Она опять вот рвёт подмётки, бросая в разные концы,
А мы в ней вроде бы ошмётки, что появились из грязи.
Спасибо, Солнышко родное, что успокаивает суть,
Так далеко, но что такое- с ним хочется вот просто жить.
А на дворе зима рисует свои узоры на стекле,
Как будь – то жизни вот диктует- гуляй, живи, Бог в вышине.
Расправлю плечи я в застенках и брошу грудь на встречу дню,
Пускай живёт, кто хочет в потёмках, я не люблю лишь суету.
Да кстати, смерть здесь -тоже царь всего церковного, подземного здесь царства,
Жизнь не даёт, а лишь берёт на шару к нам вот притулясь.
Души собирает в свой ковчег, кто сами к ней определились.
У неё служители свои, кто ей отпевает наши души,
А смерть собирает те плоды, лапшу нам вешая на уши.
Болезни все её проблемы, она искусно этим владеет всем.
Война и происки науки то всё движение её рук,
Лишь только человек -то плод Отца Всевышнего Святого
Он выбирает сам себе какой здесь выбрать путь.
Моя мечта в объятьях жизни, глоток той радости в душе,
Там, где барахтались лишь мысли во взглядах встреч наедине.
Ты мой тот омут в этом мире, что вот никак не обойдёшь,
А в нём всегда ты словно в тире промчишься мимо или позовёшь.
Омут- не болото, можно плавать, но дна не видно, не достать,
Один — вот берег- только старость да серость будней, что найдёшь.
Сказать, где лучше очень сложно, нет той вот радости в глазах,
Какое будет в этом счастье в той клетке или вот во вне.
Дорога жизни вся в ухабах и старость ползает по ней,
А счастье где – то там осталось у тех закрытых вот дверей.
Во всём мы сами виноваты, что развращаем с вами суть,
Что так сжимается меж нами, а прошлое не пытаемся вернуть.
Одна та тьма бредовой мысли, что Иисус Христос забрал все их грехи,
Даже тупой вот здесь от скуки не верит в эти слов вершки.
А вы все бредни с той помойки несёте в светлое своё,
Поставив смерть в свои простенки, забыв, что это не твоё.

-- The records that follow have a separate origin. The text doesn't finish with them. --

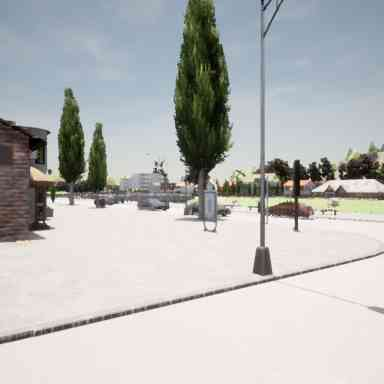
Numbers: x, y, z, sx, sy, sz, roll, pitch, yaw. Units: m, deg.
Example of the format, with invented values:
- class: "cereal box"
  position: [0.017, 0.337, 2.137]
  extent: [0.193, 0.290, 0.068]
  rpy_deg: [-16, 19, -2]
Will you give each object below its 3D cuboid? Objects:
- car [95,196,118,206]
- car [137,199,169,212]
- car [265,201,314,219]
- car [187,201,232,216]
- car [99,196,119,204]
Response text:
- class: "car"
  position: [-14.008, 1.564, 53.092]
  extent: [1.994, 1.385, 4.181]
  rpy_deg: [0, 0, -35]
- class: "car"
  position: [-4.796, 1.547, 40.133]
  extent: [2.033, 1.411, 5.357]
  rpy_deg: [0, 0, -36]
- class: "car"
  position: [8.357, 1.525, 29.004]
  extent: [1.812, 1.442, 4.674]
  rpy_deg: [0, 0, -36]
- class: "car"
  position: [1.360, 1.547, 31.560]
  extent: [2.033, 1.411, 5.357]
  rpy_deg: [0, 0, -36]
- class: "car"
  position: [-15.690, 1.477, 62.493]
  extent: [1.882, 1.535, 5.008]
  rpy_deg: [0, 0, -36]
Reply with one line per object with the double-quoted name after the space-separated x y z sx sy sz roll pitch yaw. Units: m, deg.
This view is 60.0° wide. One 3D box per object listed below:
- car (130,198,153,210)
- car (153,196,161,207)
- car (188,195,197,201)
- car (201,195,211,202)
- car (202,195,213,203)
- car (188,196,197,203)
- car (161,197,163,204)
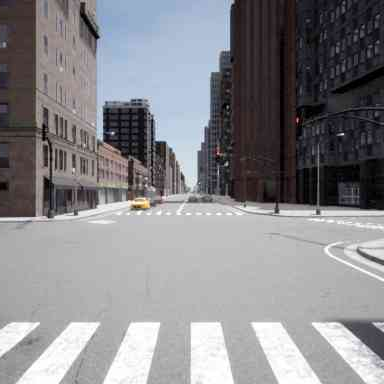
-6.530 1.486 42.173 1.882 1.535 5.008 0 0 0 "car"
-6.501 1.574 51.423 1.994 1.385 4.181 0 0 1 "car"
0.132 1.558 82.109 1.994 1.385 4.181 0 0 0 "car"
3.380 1.500 81.363 2.128 1.511 4.902 0 0 0 "car"
3.364 1.533 70.943 2.128 1.511 4.902 0 0 0 "car"
0.139 1.527 71.795 2.128 1.511 4.902 0 0 0 "car"
-6.464 1.488 61.844 1.882 1.535 5.008 0 0 0 "car"
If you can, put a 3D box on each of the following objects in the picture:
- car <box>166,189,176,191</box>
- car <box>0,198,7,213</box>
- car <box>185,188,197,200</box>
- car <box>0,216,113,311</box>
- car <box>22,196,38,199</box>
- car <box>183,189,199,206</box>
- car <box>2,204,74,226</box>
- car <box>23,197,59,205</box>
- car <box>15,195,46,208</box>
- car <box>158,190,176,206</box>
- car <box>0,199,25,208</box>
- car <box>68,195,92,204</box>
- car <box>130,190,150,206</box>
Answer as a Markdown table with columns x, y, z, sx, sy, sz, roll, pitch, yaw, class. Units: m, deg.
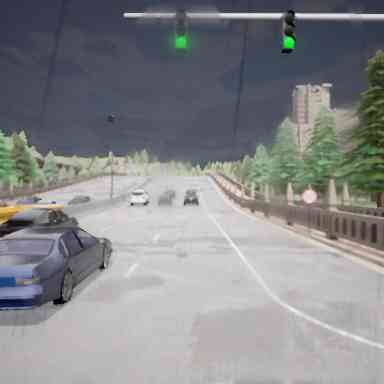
| x | y | z | sx | sy | sz | roll | pitch | yaw | class |
| --- | --- | --- | --- | --- | --- | --- | --- | --- | --- |
| -3.671 | 0.177 | 55.888 | 2.128 | 1.511 | 4.902 | 0 | 6 | 0 | car |
| -21.054 | 1.444 | 33.641 | 1.882 | 1.535 | 5.008 | 0 | 1 | 0 | car |
| -0.171 | 0.233 | 55.913 | 2.033 | 1.411 | 5.357 | 0 | 6 | 0 | car |
| -3.401 | 1.548 | 8.049 | 2.033 | 1.411 | 5.357 | 0 | 0 | 0 | car |
| -17.561 | 1.480 | 36.210 | 1.994 | 1.385 | 4.181 | 0 | 1 | 0 | car |
| -0.114 | 0.855 | 45.846 | 2.097 | 1.767 | 4.553 | 0 | 3 | 0 | car |
| -6.902 | 1.505 | 15.585 | 1.837 | 1.490 | 4.892 | 0 | 0 | 0 | car |
| -14.081 | 1.512 | 32.013 | 1.812 | 1.442 | 4.674 | 0 | 0 | 0 | car |
| -21.102 | 1.192 | 43.572 | 1.994 | 1.385 | 4.181 | 0 | 3 | 0 | car |
| -3.613 | 1.023 | 45.592 | 1.837 | 1.490 | 4.892 | 0 | 4 | 0 | car |
| -14.098 | 1.492 | 23.050 | 2.128 | 1.511 | 4.902 | 0 | 0 | 0 | car |
| -14.100 | 1.210 | 42.057 | 1.837 | 1.490 | 4.892 | 0 | 3 | 0 | car |
| -7.113 | 0.730 | 45.694 | 2.150 | 2.045 | 5.566 | 0 | 4 | 0 | car |
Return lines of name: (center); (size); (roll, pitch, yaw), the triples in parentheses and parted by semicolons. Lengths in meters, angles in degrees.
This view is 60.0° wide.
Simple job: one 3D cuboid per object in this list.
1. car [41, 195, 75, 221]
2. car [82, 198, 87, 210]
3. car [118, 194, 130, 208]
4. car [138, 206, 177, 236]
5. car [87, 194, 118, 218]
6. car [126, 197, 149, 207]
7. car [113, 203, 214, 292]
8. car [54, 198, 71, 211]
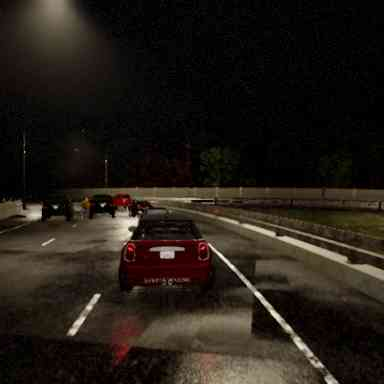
car: (-11.071, 1.247, 27.654); (2.150, 2.045, 5.566); (0, 0, -17)
car: (-13.479, 1.513, 44.166); (1.882, 1.535, 5.008); (0, 0, -24)
car: (-9.389, 1.253, 43.627); (2.150, 2.045, 5.566); (0, 0, -22)
car: (-2.115, 1.577, 19.303); (1.994, 1.385, 4.181); (0, 0, -10)
car: (-8.322, 1.247, 30.721); (2.150, 2.045, 5.566); (0, 0, -16)
car: (-4.789, 1.527, 30.877); (1.837, 1.490, 4.892); (0, 0, -16)
car: (-0.706, 1.357, 9.184); (2.097, 1.767, 4.553); (0, 0, -5)
car: (-16.827, 1.541, 43.086); (1.837, 1.490, 4.892); (0, 0, -24)
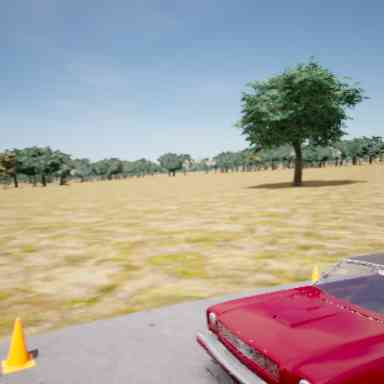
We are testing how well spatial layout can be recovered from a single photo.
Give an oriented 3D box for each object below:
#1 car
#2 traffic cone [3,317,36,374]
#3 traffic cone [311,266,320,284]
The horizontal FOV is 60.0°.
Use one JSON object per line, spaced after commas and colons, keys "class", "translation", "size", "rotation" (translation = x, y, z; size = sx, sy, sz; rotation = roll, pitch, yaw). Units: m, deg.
{"class": "car", "translation": [2.479, 1.532, 4.057], "size": [4.718, 1.301, 1.895], "rotation": [0, 2, -25]}
{"class": "traffic cone", "translation": [-2.179, 1.878, 4.188], "size": [0.340, 0.580, 0.340], "rotation": [-1, 1, -33]}
{"class": "traffic cone", "translation": [2.540, 1.810, 6.806], "size": [0.340, 0.580, 0.340], "rotation": [-1, 2, -25]}
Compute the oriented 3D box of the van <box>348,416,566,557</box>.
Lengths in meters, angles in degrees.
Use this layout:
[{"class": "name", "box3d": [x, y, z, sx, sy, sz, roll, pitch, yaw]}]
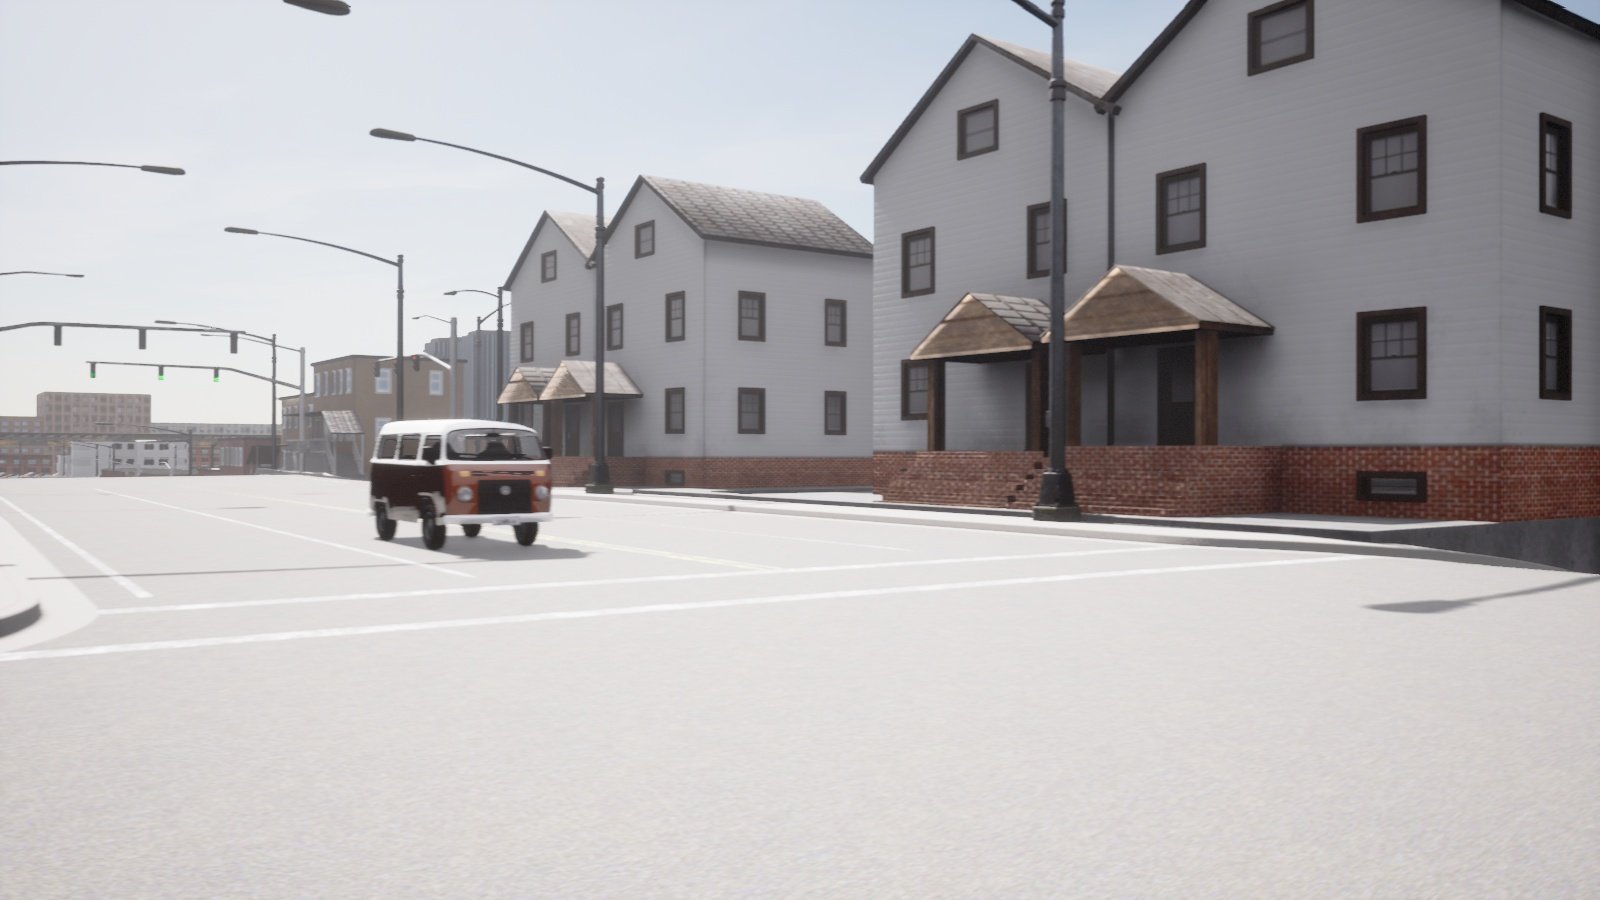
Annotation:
[{"class": "van", "box3d": [-5.722, 0.531, 20.547, 2.069, 2.038, 4.480, 0, 0, -35]}]

А к вам пришедшее оттуда, где кровь и грязь вершили жизнь,
Измазав ваши чувства — вот то блюдо, что они вам преподнесли.
Солнце Всевышнее вот был наш Бог, Рай, что Отец Всевышний в нём построил.
Чтоб жизнь нам дарить вот от - туда бы смог, а мы всё топчемся на смерти блюде.
Самая чистая в мире любовь, словно тот лучик от нашего счастья,
Но мы втаптываем в букет этот страсть, грязь ту прилипшую в это объятие.
И разбавляем вот ими любовь- чувство, рождённое жизнью,
Пьём, как вино рождая ту ложь, что прилепилась к ней с этой вот грязью.
Всё испоганив живём как в бреду, мама- венец того чистого слова,
Что мы закрыли сейчас здесь в хлеву жизнь, начинавшуюся со всего здесь святого.
Нам блуд дороже стал крови детей, что вытираем мы здесь о пороги,
Вот понастроенных нами церквей и топчем, топчем к ним свои дороги.